This past summer, there were two major outages to the Vancouver SKYTRAIN
service. It is a driverless system that started in 1986.
An investigation resulted in a report.
CBC article about the issue:
>
www.cbc.ca/news/canada/british-columbia/skytrain-shutdown-investigation-makes-20-recommendations-1.2838964
Actual report:
>
http://www.translink.ca/~/media/documents/about_translink/media/2014/tra_1795_independent_review_booklet_final.ashx
Basically, electrician doing work on the UPS caused one breaker to jump,
cutting off lights and others stuff in the system control room.
The staff didn't know which breaker it was, and assumed the whole system
was down (trains were still moving), and rebooted the whole UPS system
instead of trying to figure out which breaker had jumped.

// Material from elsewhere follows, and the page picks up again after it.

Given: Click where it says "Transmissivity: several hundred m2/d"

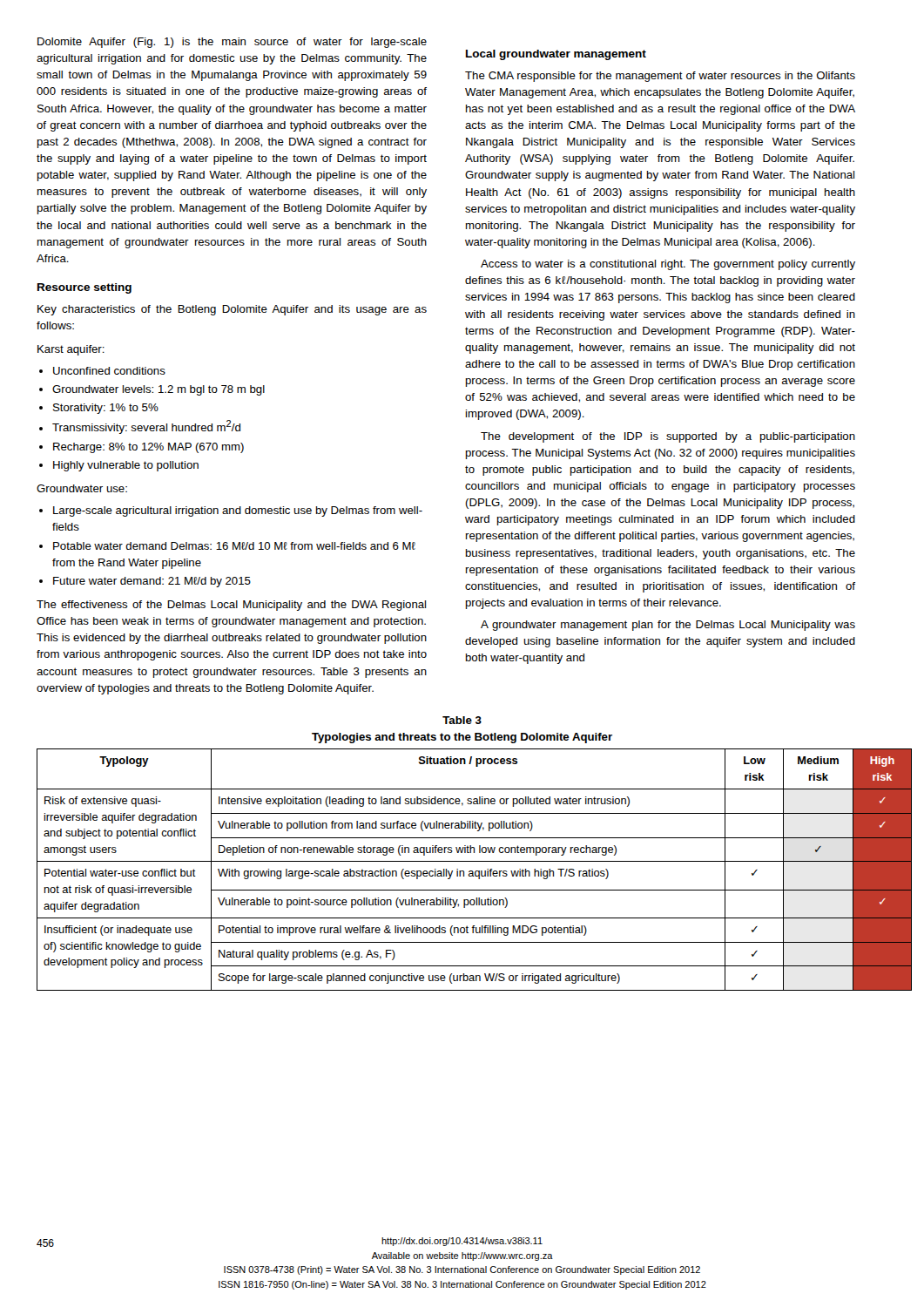Looking at the screenshot, I should 147,427.

In doing that reboot, they actually shutdown the whole system, and once
back up, the software had no awareness of where each train was, so
nothing could move.
This is a good example of a disaster recovery plan that did not consider
ALL aspects, notably documentation of what systems were on what UPS
breeaker, how to know which UPS breakers have tripped and how to reset
them other than rebooting the whole UPS.
Also, they plan lacked a "what has failed, and what is still running"
process before taking any action.
I was once caught in a situation where I had not planned for an H4000
AUI to thick coax would fail. This had many consequences as the
production system was still processing but transactions not sent over
ethernet to volume shadowed disks at backup site.
Even sice that event, I have had an interest in looking at simular
failures where something was unplanned for in the disaster recovery plan.